From the data underneath, reproduce exactly the stretch that begins at the line with "130.6a.86 .86 0" and ends after the line with "129.5v1.2h.5a.64 .64 0".

___ SUPPLIED MATERIAL ___

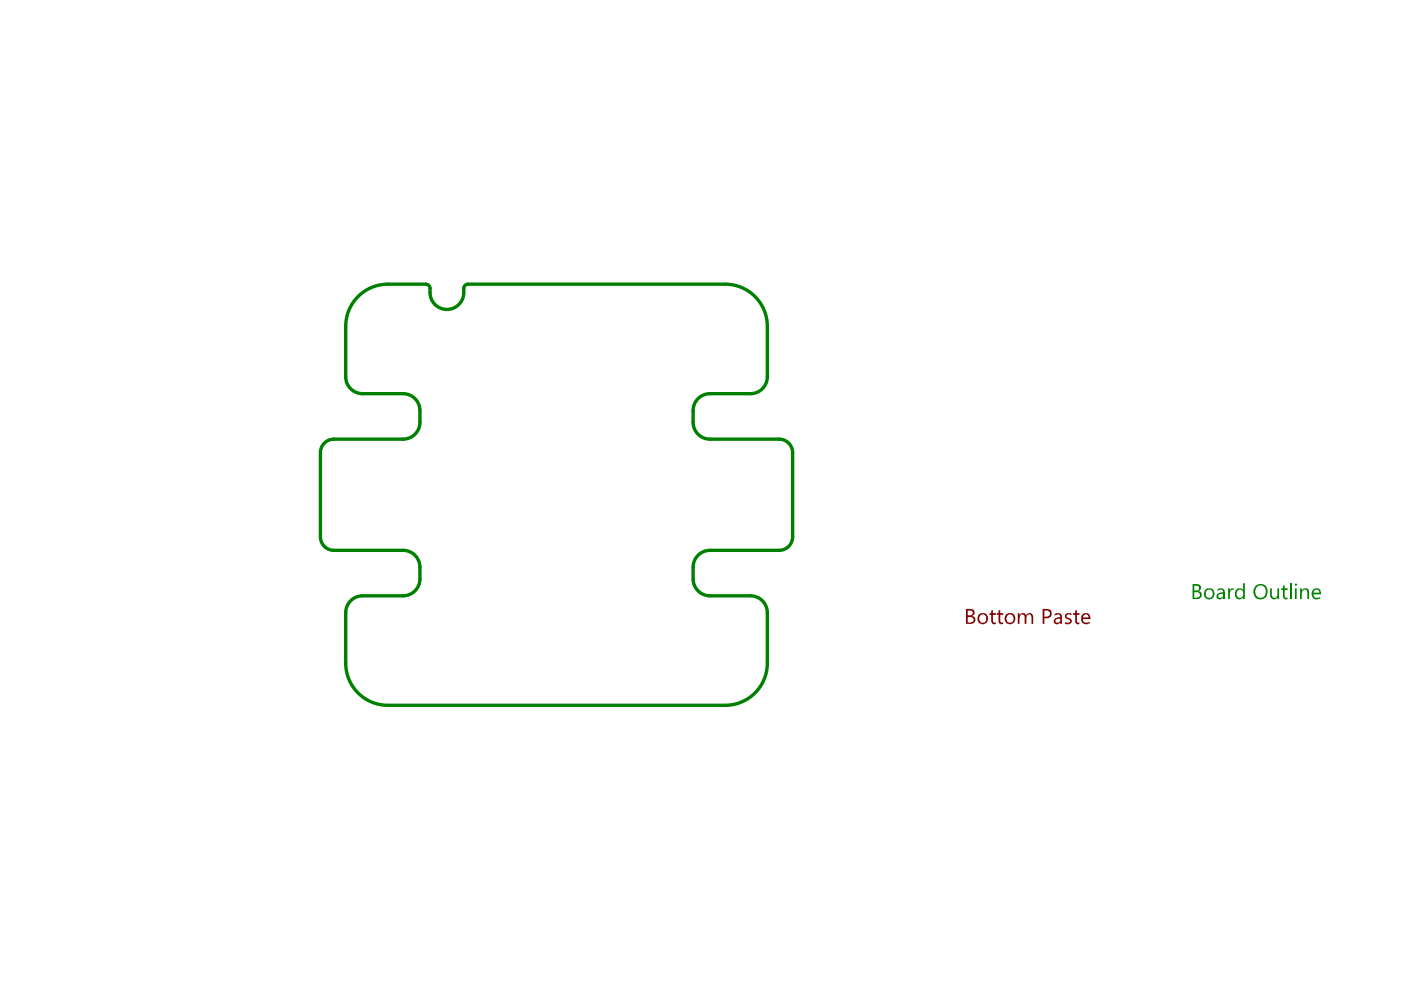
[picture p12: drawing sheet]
<svg xmlns="http://www.w3.org/2000/svg" width="297mm" height="210mm" viewBox="0 0 297 210" stroke-linecap="round" stroke-linejoin="round" font-family="sans-serif">
<g fill="none" stroke="#008000" stroke-width=".71">
<path d="M73.3 69.2v10.8M82.2 60.3h8.1M91.2 61.1v.9M98.3 61.1v.9M99.2 60.3h54.6M162.7 69.2v10.7M67.9 96.1v17.6M70.8 93.1h14.7M76.9 83.5h8.6M89 87v2.5M147 87v2.5M150.5 93.1h14.7"/>
<path d="M150.5 83.5h8.6M168.1 96v17.8M70.8 116.7h14.7M150.5 116.7h14.7M73.3 129.8v10.8M76.9 126.3h8.6M89 120.3v2.5M147 120.3v2.5M150.5 126.3h8.6M162.7 129.9v10.7M82.2 149.5h71.6"/>
</g>
<g fill="#008000">
<path d="M260.4 124.7h.3v.5l.1-.1a.51 .51 0 0 1 .8-.4l-.1 .4a.62 .62 0 0 0-.8 .7v1.2h-.3z"/>
<path d="M269.3 124.7h.3v1.4a.59 .59 0 0 0 .6 .6 .59 .59 0 0 0 .6-.6v-1.4h.4v2.3h-.4v-.4a.83 .83 0 0 1-1 .4 .83 .83 0 0 1-.5-.9z"/>
<path d="M272 124.2l.4-.1v.6h.6v.4h-.6v1.3a.41 .41 0 0 0 .2 .4 .41 .41 0 0 0 .4-.1v.3a.71 .71 0 0 1-1-.6v-1.3h-.4v-.4h.4z"/>
<path d="M253.2 124.2v1h.6a.38 .38 0 0 0 .4-.5v-.1a.38 .38 0 0 0-.5-.4zM253.2 125.6v1.1l.6-.1a.56 .56 0 0 0 .6-.6 .56 .56 0 0 0-.7-.4zM252.8 123.8h1a.79 .79 0 0 1 .9 .7 .79 .79 0 0 1-.6 .9h.1a.73 .73 0 0 1 .6 1.1l-.4 .4-.3 .1h-1.3z"/>
<path d="M255.8 125.3a.94 .94 0 0 0-.1 1.1 .94 .94 0 0 0 1.1 .3 1 1 0 0 0-.3-1.7h-.4zM255.3 125.9a1.16 1.16 0 0 1 2.3 0 1.16 1.16 0 0 1-2.3 0z"/>
<path d="M258.3 126.2a.54 .54 0 0 0 .7 .5 .54 .54 0 0 0 .3-.8h-.6zM258.1 124.9a.99 .99 0 0 1 1.6 .7v1.4h-.4v-.4a.74 .74 0 0 1-.9 .5 .74 .74 0 0 1-.5-.8 .74 .74 0 0 1 .8-.6l.6-.2a.56 .56 0 0 0-.4-.5 .56 .56 0 0 0-.6 .2l-.2 .1z"/>
<path d="M262 125.1a1 1 0 0 1 1.6 0v-1.4h.3v3.3h-.3v-.4a1.01 1.01 0 0 1-1.5 .3 1.01 1.01 0 0 1-.2-1.4zM262.4 125.2v.1a.84 .84 0 0 0-.2 .9 .84 .84 0 0 0 .8 .5l.5-.2 .1-.8a.68 .68 0 0 0-.5-.7 .68 .68 0 0 0-.7 .2z"/>
<path d="M266.3 124.7a1.39 1.39 0 0 0 .9 2 1.26 1.26 0 0 0 1.2-1.4 1.14 1.14 0 0 0-.8-1.1 1.14 1.14 0 0 0-1.3 .5zM266.2 124.2a1.59 1.59 0 0 1 2.1 0 1.59 1.59 0 0 1 .3 2.1 1.52 1.52 0 0 1-1.9 .7 1.52 1.52 0 0 1-1-1.8z"/>
</g>
<path d="M273.6 123.7v3.3" fill="none" stroke="#008000" stroke-width=".36"/>
<g fill="#008000">
<path d="M275.6 124.7h.4v.4a.83 .83 0 0 1 1-.4 .83 .83 0 0 1 .5 1v1.3h-.3v-1.3a.6 .6 0 0 0-.7-.7 .6 .6 0 0 0-.5 .7v1.3h-.4z"/>
<path d="M274.5 124a.25 .25 0 0 1 .5 0 .25 .25 0 0 1-.5 0zM274.6 124.7h.3v2.3h-.3z"/>
<path d="M278.6 125.2l-.1 .5h1.2a.61 .61 0 0 0-.3-.7 .61 .61 0 0 0-.8 .2zM278.4 125a1.04 1.04 0 0 1 1.2-.1 1.04 1.04 0 0 1 .5 1.1h-1.6a.82 .82 0 0 0 1.2 .6h.2v.2a1.16 1.16 0 0 1-1.6-.1 1.16 1.16 0 0 1 .1-1.6z"/>
</g>
<g fill="none" stroke="#008000" stroke-width=".71">
<path d="M73.3 79.9a3.6 3.6 0 0 0 3.6 3.6M82.2 60.3a8.9 8.9 0 0 0-8.9 8.9M90.3 60.3a.89 .89 0 0 1 .9 .8M91.2 62a3.6 3.6 0 0 0 3.6 3.6 3.6 3.6 0 0 0 3.5-3.6M99.2 60.3a.89 .89 0 0 0-.9 .8M153.8 60.3a8.9 8.9 0 0 1 8.9 8.9M162.7 79.9a3.6 3.6 0 0 1-3.6 3.6M70.8 93.1a2.86 2.86 0 0 0-2.9 2.9M85.5 83.5a3.6 3.6 0 0 1 3.5 3.5M89 89.5a3.6 3.6 0 0 1-3.5 3.6M146.9 89.5a3.6 3.6 0 0 0 3.6 3.6M150.5 83.5a3.6 3.6 0 0 0-3.5 3.5"/>
<path d="M165.2 93.1a2.86 2.86 0 0 1 2.9 2.9M67.9 113.8a2.86 2.86 0 0 0 2.9 2.9M85.5 116.7a3.6 3.6 0 0 1 3.5 3.6M150.5 116.7a3.6 3.6 0 0 0-3.5 3.6M168.1 113.8a2.86 2.86 0 0 1-2.9 2.9M76.9 126.3a3.6 3.6 0 0 0-3.6 3.6M89 122.8a3.6 3.6 0 0 1-3.5 3.5M147 122.8a3.6 3.6 0 0 0 3.5 3.5M159.1 126.3a3.6 3.6 0 0 1 3.6 3.6M73.3 140.6a8.9 8.9 0 0 0 8.9 8.9M162.7 140.6a8.9 8.9 0 0 1-8.9 8.9"/>
</g>
<g fill="#800000">
<path d="M210.2 129.5l.3-.1v.6h.7v.4h-.7v1.3a.42 .42 0 0 0 .7 .3v.3a.68 .68 0 0 1-1-.6v-1.3h-.4v-.4h.4z"/>
<path d="M211.7 129.5l.4-.1v.6h.6v.4h-.6v1.3a.42 .42 0 0 0 .6 .3v.3a.68 .68 0 0 1-1-.6v-1.3h-.4v-.4h.4z"/>
<path d="M215.8 130h.4v.4a.85 .85 0 0 1 1.4 .1 .76 .76 0 0 1 1-.5 .76 .76 0 0 1 .5 .9v1.4h-.4v-1.3a.56 .56 0 0 0-.5-.7 .56 .56 0 0 0-.6 .6v1.4h-.4v-1.4a.51 .51 0 0 0-.5-.6 .51 .51 0 0 0-.5 .6v1.4h-.4z"/>
<path d="M225.8 130.4a1.08 1.08 0 0 1 1.3-.3v.4a.56 .56 0 0 0-.6-.2 .56 .56 0 0 0-.4 .5l.3 .1a.92 .92 0 0 1 .8 1l-.1 .1a.95 .95 0 0 1-1.3 .2v-.4a.91 .91 0 0 0 1.1 0v-.1a.34 .34 0 0 0-.5-.3l-.6-.5z"/>
<path d="M228 129.5l.3-.1v.6h.6v.4h-.6v1.3a.32 .32 0 0 0 .2 .4 .32 .32 0 0 0 .4-.1v.3l-.4 .1a.63 .63 0 0 1-.5-.7v-1.3h-.5v-.4h.5z"/>
<path d="M205.2 129.5v1h.4a.51 .51 0 0 0 .7-.5 .51 .51 0 0 0-.6-.5zM205.2 130.8v1.2h.6a.6 .6 0 0 0 .6-.6 .6 .6 0 0 0-.7-.6zM204.8 129.1h1a.79 .79 0 0 1 .8 .7 .79 .79 0 0 1-.5 .8 .83 .83 0 0 1 .7 1 .83 .83 0 0 1-1 .7h-1z"/>
<path d="M207.7 130.6a.86 .86 0 0 0 0 .9 .86 .86 0 0 0 .7 .5 .71 .71 0 0 0 .7-1 .72 .72 0 0 0-.6-.7 .72 .72 0 0 0-.8 .3zM207.2 131.2a1.17 1.17 0 0 1 2.3 0 1.17 1.17 0 0 1-2.3 0z"/>
<path d="M213.5 130.5a.99 .99 0 0 0 .2 1.4 .79 .79 0 0 0 .9 0 .79 .79 0 0 0 .3-.8v-.1a.76 .76 0 0 0-.5-.7 .76 .76 0 0 0-.9 .2zM213.2 130.5a1.15 1.15 0 0 1 1.6-.3 1.15 1.15 0 0 1 .4 1.5 1.16 1.16 0 0 1-1.6 .6 1.16 1.16 0 0 1-.5-1.6z"/>
<path d="M221.4 129.5v1.2h.5a.64 .64 0 0 0 .7-.6 .64 .64 0 0 0-.7-.6zM221.1 129.1h.9a1 1 0 0 1 1 1 1 1 0 0 1-.9 1h-.7v1.2h-.3z"/>
<path d="M223.8 131.5a.43 .43 0 0 0 .2 .5 .43 .43 0 0 0 .5-.1 .47 .47 0 0 0 .3-.7h-.6zM223.6 130.2a.91 .91 0 0 1 1-.2 .91 .91 0 0 1 .5 .8v1.5h-.3v-.4a.7 .7 0 0 1-.8 .5 .7 .7 0 0 1-.6-.8l.3-.5 1.1-.3a.59 .59 0 0 0-.5-.5 .59 .59 0 0 0-.6 .2z"/>
<path d="M229.7 130.5l-.1 .4h1.2a.59 .59 0 0 0-.4-.6 .59 .59 0 0 0-.7 .2zM229.4 130.4a1 1 0 0 1 1.2-.4 1 1 0 0 1 .6 1.1v.2h-1.6a.71 .71 0 0 0 .4 .7 .71 .71 0 0 0 .8-.1l.2-.1v.4a1.18 1.18 0 0 1-1.3 0 1.18 1.18 0 0 1-.5-1.3z"/>
</g>
</svg>

___

RESPONSE -
<path d="M207.7 130.6a.86 .86 0 0 0 0 .9 .86 .86 0 0 0 .7 .5 .71 .71 0 0 0 .7-1 .72 .72 0 0 0-.6-.7 .72 .72 0 0 0-.8 .3zM207.2 131.2a1.17 1.17 0 0 1 2.3 0 1.17 1.17 0 0 1-2.3 0z"/>
<path d="M213.5 130.5a.99 .99 0 0 0 .2 1.4 .79 .79 0 0 0 .9 0 .79 .79 0 0 0 .3-.8v-.1a.76 .76 0 0 0-.5-.7 .76 .76 0 0 0-.9 .2zM213.2 130.5a1.15 1.15 0 0 1 1.6-.3 1.15 1.15 0 0 1 .4 1.5 1.16 1.16 0 0 1-1.6 .6 1.16 1.16 0 0 1-.5-1.6z"/>
<path d="M221.4 129.5v1.2h.5a.64 .64 0 0 0 .7-.6 .64 .64 0 0 0-.7-.6zM221.1 129.1h.9a1 1 0 0 1 1 1 1 1 0 0 1-.9 1h-.7v1.2h-.3z"/>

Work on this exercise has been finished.